A conspiracy to monopolize claim is similar to an attempt to monopolize action. Hunt-Wesson, supra, 627 F.2d at 926. As with the attempt claim, summary judgment will be entered for defendants unless plaintiff can show defendants' actions had an anticompetitive effect.
IT IS SO ORDERED.
NOTES
[1]  Plaintiff acknowledges that steam is being produced and sold on its property, but contends that it is not developed to its full capacity.
[2]  This Court acknowledges that an indirect effect on prices may be enough to trigger a per se price-fixing violation. See General Cinema Corp. v. Buena Vista Distrib. Co., 532 F. Supp. 1244, 1257 (C.D.Cal.1982). Here, however, any effect on price (or competition), whether direct or indirect, is in question.

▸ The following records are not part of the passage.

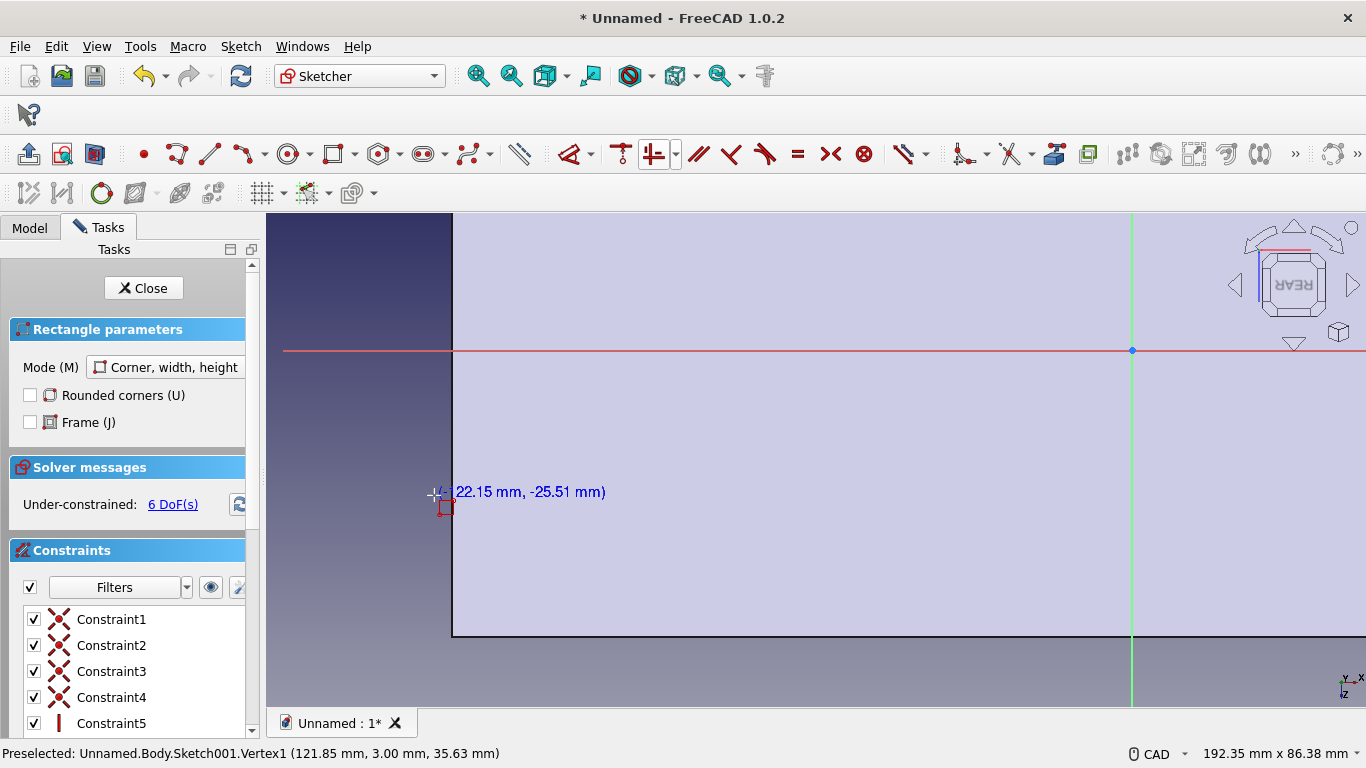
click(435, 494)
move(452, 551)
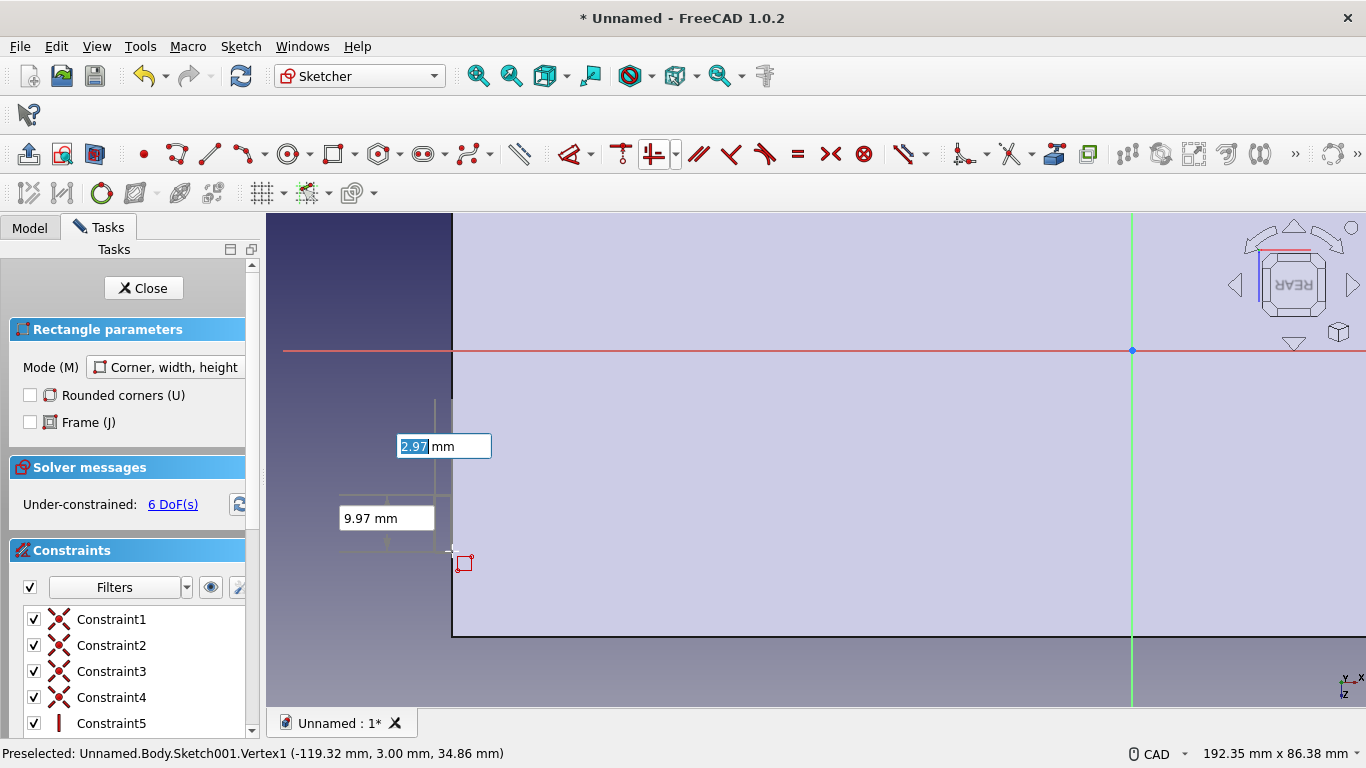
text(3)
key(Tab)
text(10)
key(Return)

[3]  While it appears to this Court that plaintiff's action originally alleged a conspiracy to suppress the production of steam which impaired the price ("competitive processes") of steam, this Court will consider plaintiff's recent allegation of an effect on steam lands as well.
[4]  The required proof is usually accomplished through expert witnesses. The Court, therefore, does not envision the trial of this severed issue requiring a great deal of time.
[5]  A third element of a § 2 monopolization claim may be "causal `antitrust injury.'" Hunt-Wesson Foods, Inc. v. Ragu Foods, Inc., 627 F.2d 919, 924 (9th Cir.1980).
[6]  This result is reached because proof of a § 1 violation may allow intent and dangerous probability of success to be inferred. Inglis, 668 F.2d at 1029 n. 11; Janich Brothers, Inc. v. American Distilling Co., 570 F.2d 848, 854 (9th Cir.1977), cert. denied, 439 U.S. 829, 99 S. Ct. 103, 58 L. Ed. 2d 122 (1978).